1) Make sure you have initialized the model with HRED pretrained on response generation task.
2) I would suggest you try different random seeds (e.g. with argument "--seed 42") as it gave me really different results.
3) BTW, I have been using floor(speaker) encoder all the time (with argument "--floor_encoder rel"), so I don't know if that is a factor.
Hi, @ZHAOTING !
I tried to reproduce the performance of RUBER-unref model in your ACL 2020 paper using your dataset, but I failed.
More specifically, I hope to reproduce the RUBER-ref model by excluding the ground-truth in the right part of TABLE 1, which shows about .43 Pearson and .39 Spearman correlation score.
I struggled with either of my custom implementations and using this repository, but none of them shows a similar performance.
When I train RUBER in this code, the best performance is about 0.21 Pearson and 0.25 spearman correlation.

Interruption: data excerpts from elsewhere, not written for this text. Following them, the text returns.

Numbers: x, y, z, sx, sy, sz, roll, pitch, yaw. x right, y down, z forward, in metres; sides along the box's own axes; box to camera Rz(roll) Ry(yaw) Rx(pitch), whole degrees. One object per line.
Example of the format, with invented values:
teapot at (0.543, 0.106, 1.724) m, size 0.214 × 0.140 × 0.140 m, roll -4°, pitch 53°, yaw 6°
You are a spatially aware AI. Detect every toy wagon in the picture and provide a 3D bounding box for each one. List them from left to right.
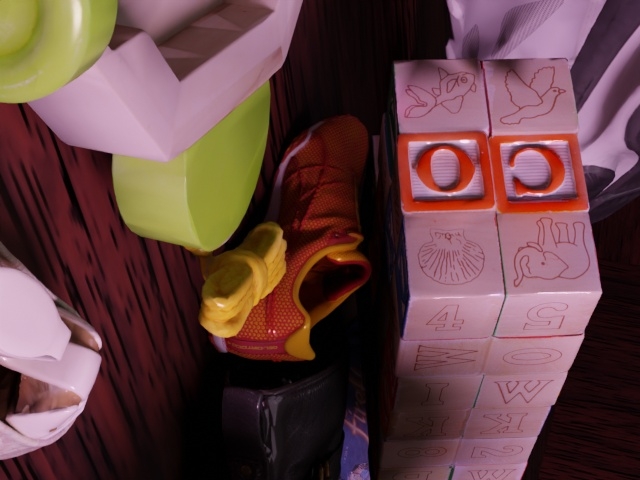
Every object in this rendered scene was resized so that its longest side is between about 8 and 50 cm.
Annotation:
toy wagon at (-0.044, -0.130, 0.421) m, size 0.267 × 0.068 × 0.344 m, roll -52°, pitch 150°, yaw -58°

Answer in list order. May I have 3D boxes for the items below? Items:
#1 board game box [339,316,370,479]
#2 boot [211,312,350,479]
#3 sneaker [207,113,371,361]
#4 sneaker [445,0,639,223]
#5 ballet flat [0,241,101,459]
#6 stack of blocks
board game box at (0.042, 0.166, 0.978) m, size 0.165 × 0.042 × 0.243 m, roll -31°, pitch 130°, yaw -70°
boot at (-0.005, 0.151, 0.727) m, size 0.263 × 0.091 × 0.229 m, roll -24°, pitch 118°, yaw -77°
sneaker at (0.000, 0.000, 0.669) m, size 0.064 × 0.067 × 0.175 m, roll 83°, pitch 22°, yaw -44°
sneaker at (0.142, -0.152, 0.882) m, size 0.169 × 0.258 × 0.447 m, roll -20°, pitch 164°, yaw -30°
ballet flat at (-0.093, 0.033, 0.383) m, size 0.168 × 0.052 × 0.057 m, roll 62°, pitch 42°, yaw -67°
stack of blocks at (0.073, 0.023, 0.724) m, size 0.297 × 0.087 × 0.171 m, roll 92°, pitch -5°, yaw -61°

And when the epoch is 8, the learning rate converged into 1e-7 (stop condition).
I used the below command line for training. The hyperparameters are the same as the value in the Appendix of the paper.
Could you give me some tips to improve the performance of RUBER-unref model? Even when I replace the [word embedding + GRU] into [BERT-freeze and mean pooling], followed by this paper, the best correlation is only about 0.2.
Thanks!